4Les Jacobins ont une certaine idée de la politique : « Le Jacobin, écrit Hernu, dit la vérité, aussi impopulaire soit-elle, car il a finalement confiance dans le jugement des citoyens », mais ils n’ont pas, en propre, un système d’idées. C’est pourquoi l’étude du contenu doctrinal du journal est finalement décevante : restaurer l’autorité de l’exécutif sans mettre en cause la République parlementaire, rechercher l’union de la gauche, rien là de bien original. L’hostilité aux guerres coloniales et la faveur pour un certain neutralisme, valurent aux Jacobins l’opposition des radicaux de gouvernement. Ils prirent position contre la Communauté européenne de défense parce qu’ils refusaient à la fois le réarmement allemand et l’intégration européenne. Malgré leur sympathie pour Pierre Mendès France, ils sont réservés face aux accords de Paris.
5L’un des apports de Philippe Reclus est de montrer que l’histoire du club ne se réduit pas à la prise en main du Parti radical par Pierre Mendès France et d’établir que le club apporta son soutien à celui-ci avant l’Express. Les Jacobins surent très tôt déceler en Pierre Mendès France l’homme d’État républicain dont ils rêvaient. A partir de 1954, le club joue le rôle de structure de regroupement des mendésistes. Après le 4 mai 1955, quand Mendès prend en main le Parti radical, les dirigeants du club sont dans l’appareil du parti. Lors des élections de 1956, une dizaine de députés proches du club sont élus, dont Hernu, Hovnanian, Naudet. Ce petit groupe va être jusqu’au bout fidèle à Pierre Mendès France, à travers bien des déceptions, au long des deux dernières années de la IVe République, de l’échec du Front républicain et de la tentative de rénovation du Parti radical.
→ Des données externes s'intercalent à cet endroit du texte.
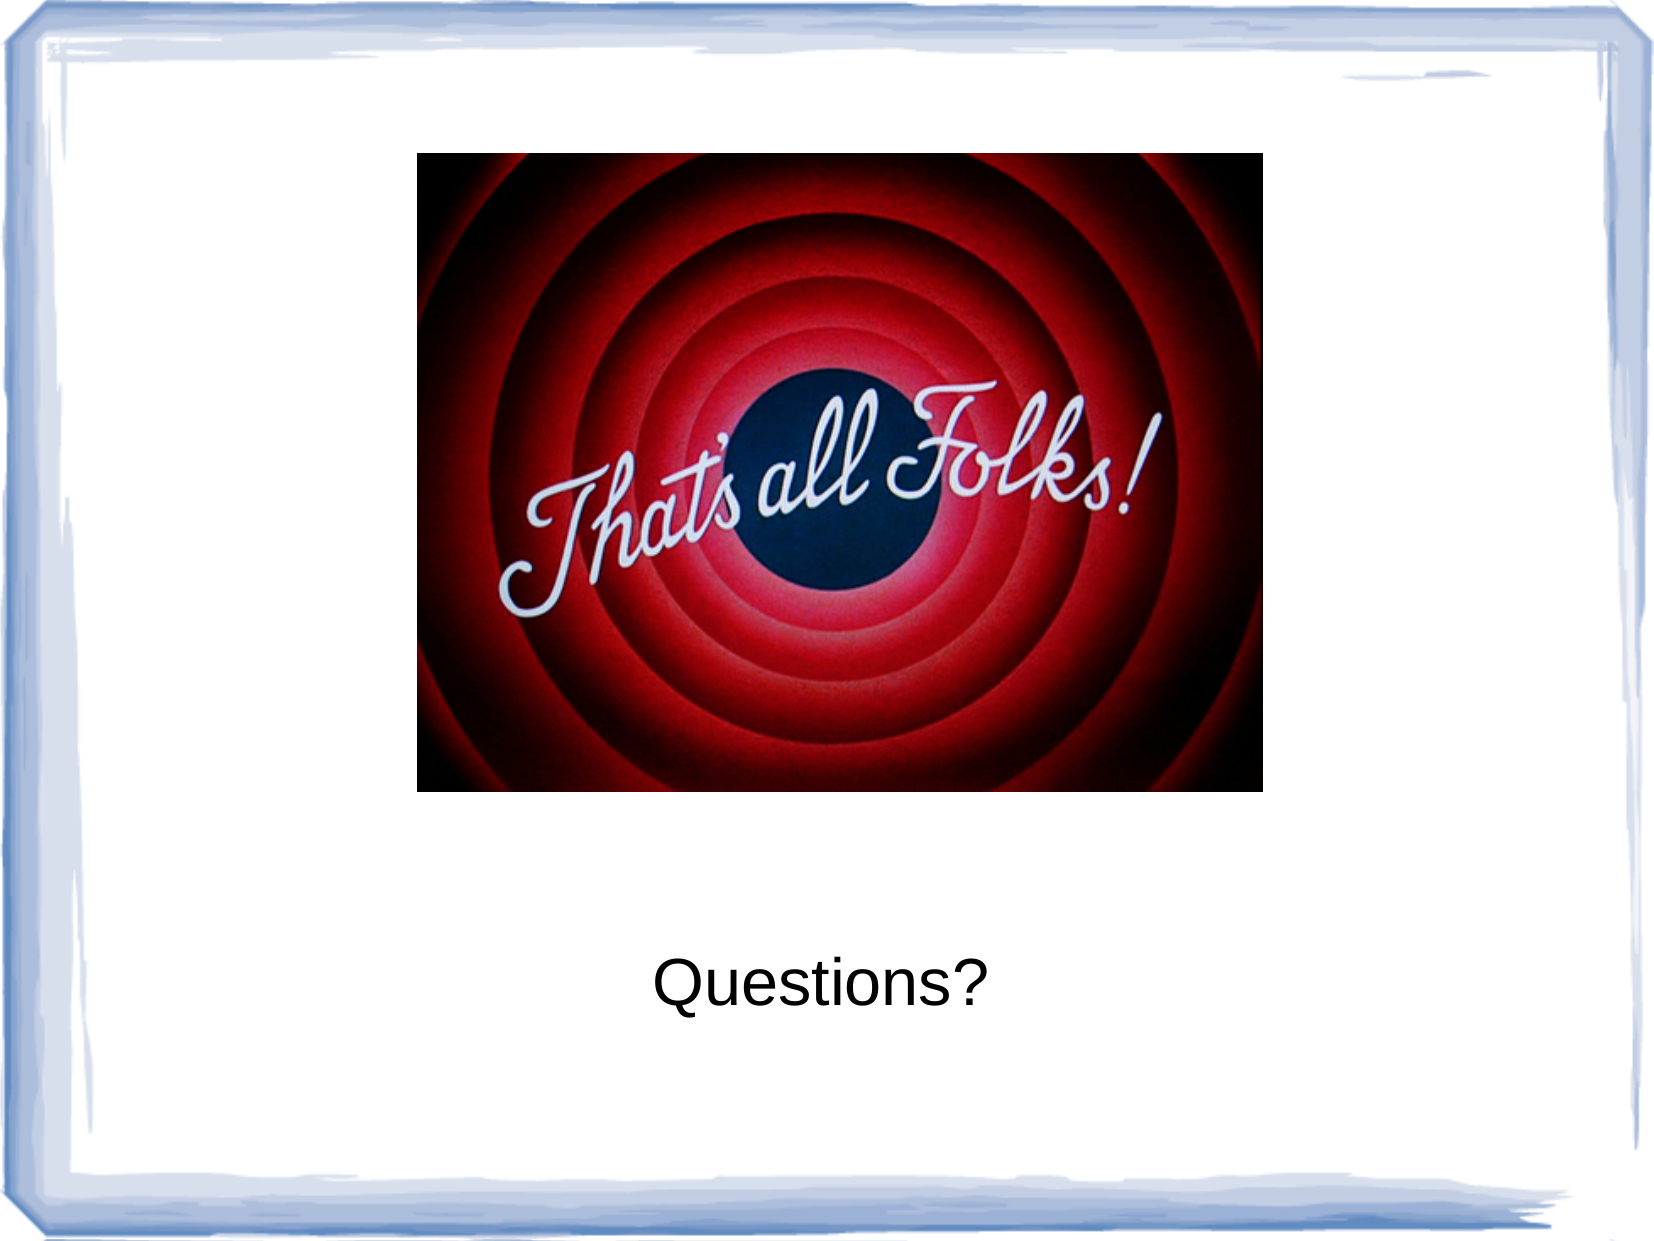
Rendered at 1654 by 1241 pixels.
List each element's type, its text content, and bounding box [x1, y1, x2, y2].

picture [0, 0, 1654, 1241]
subtitle Questions? [76, 901, 1565, 1063]

6Ce serait une autre histoire que de suivre le destin du club sous la Ve République, de l’Union des Forces démocratiques à la Convention des Institions républicaines et au Parti socialiste. Tous les amis du club ne firent pas, du reste, l’itinéraire de Charles Hernu. Certains, du journaliste Philippe Atger aux parlementaires Jean de Lipkowki et Pierre Naudet, virent dans la Cinquième République l’incarnation de leurs aspirations, tant il est vrai qu’entre un certain radicalisme et un certain gaullisme il est une même origine jacobine. Charles Hernu, en juillet 1955, ne rapprochait-il pas Pierre Mendès France et de Gaulle pour avoir tous deux « parlé de la France en véritables hommes d’État qui refusent d’être les prisonniers des féodalités et des préjugés de tous ordres » ?
7Ces quelques notations suffisent à dire l’intérêt du travail de Philippe Reclus, premier essai certes, mais qui vaut par le sens des problèmes, l’indépendance du jugement et la justesse de l’expression.